Vietnamese Court Examination

Tuesday, November 22, 2016 - 18:22:09

(VOVworld) - Vietnamese Teacher's Day is an annual celebration held on November 20 to honor the contribution of teachers nationwide. On such a special occasion, we want to tell you the story of traditional education in Vietnam with the hope of bringing you a backwards-looking but fresher understanding of those traditional values. The story of traditional education and the precious lessons it brings is still something that younger generations need to know about and treasure. 

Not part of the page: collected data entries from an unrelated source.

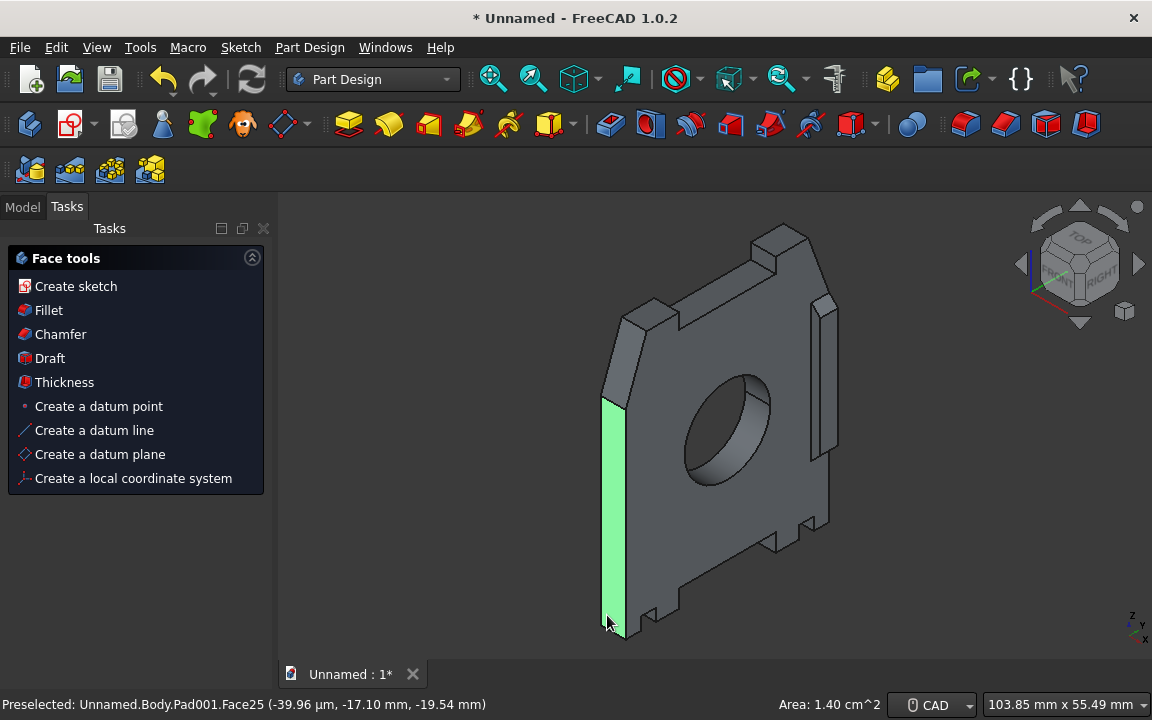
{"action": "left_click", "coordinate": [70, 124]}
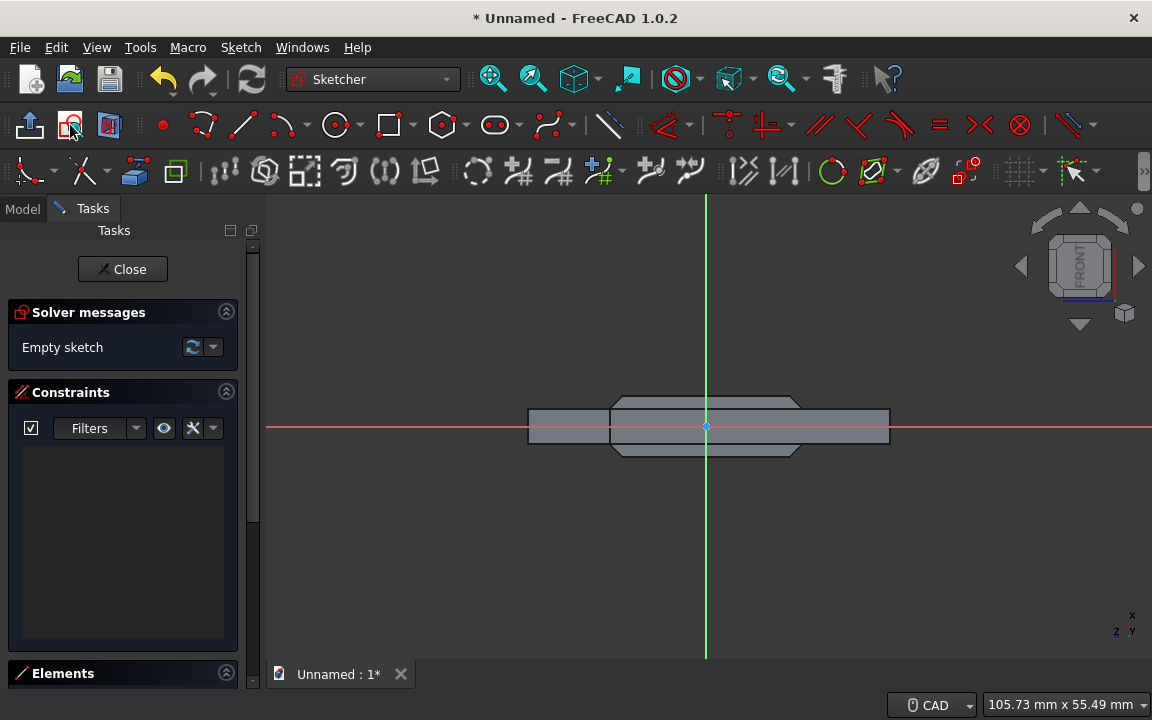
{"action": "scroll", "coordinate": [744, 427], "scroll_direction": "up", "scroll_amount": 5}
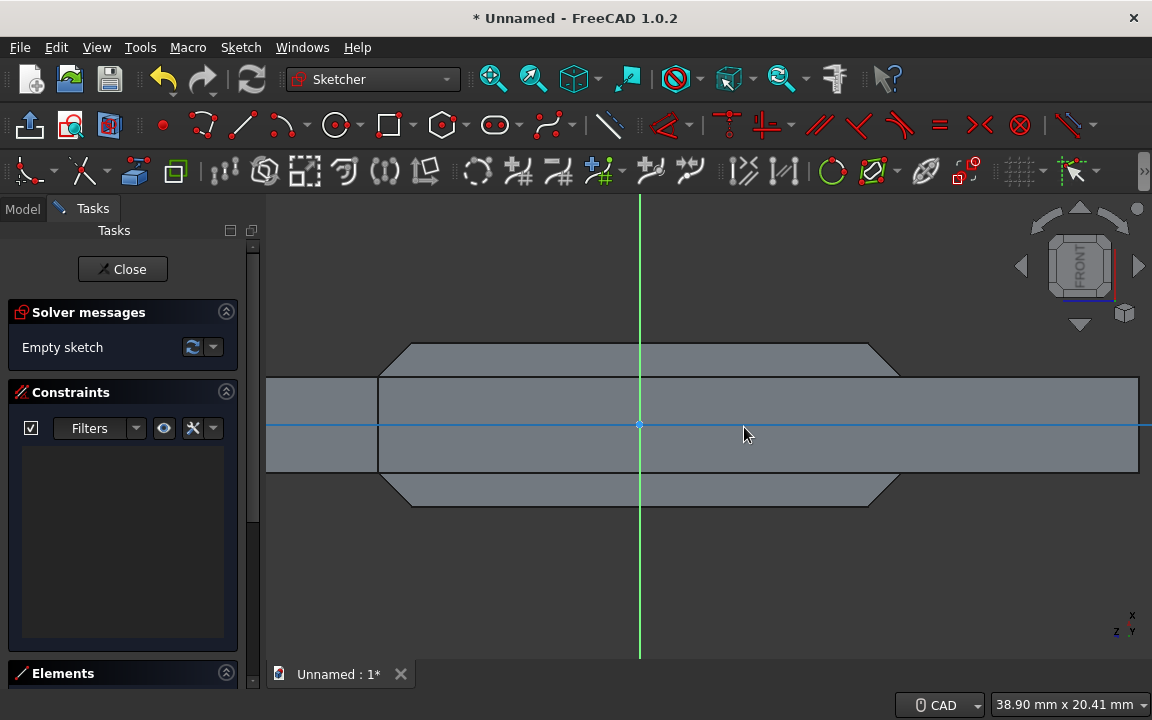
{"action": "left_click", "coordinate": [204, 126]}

In the past, Vietnamese society was divided into 4 classes, including scholars, farmers, artisans, and merchants, in which scholars ranked first and received the most honor, praise, and respect from others. Translator, author and journalist Nguyen Xuan Hong, who has spent years researching Vietnamese traditional culture, elaborates on the school system in the past. “The most typical model was normally learning at the teacher’s own home as there were no government-run schools. In the 11th century, under the Ly dynasty, Vietnam had its first national university, “Quoc Tu Giam”. The school was initially used to educate the Princes and children of high-ranking officials only, then was expanded to receive other prominent students in the country.  In the 13th century, King Trần Thái Tông instituted the first formal imperial examination to choose the best scholars for vacant positions in the royal court. Many people moved from a low social status to becoming government officials thanks to success in those examinations”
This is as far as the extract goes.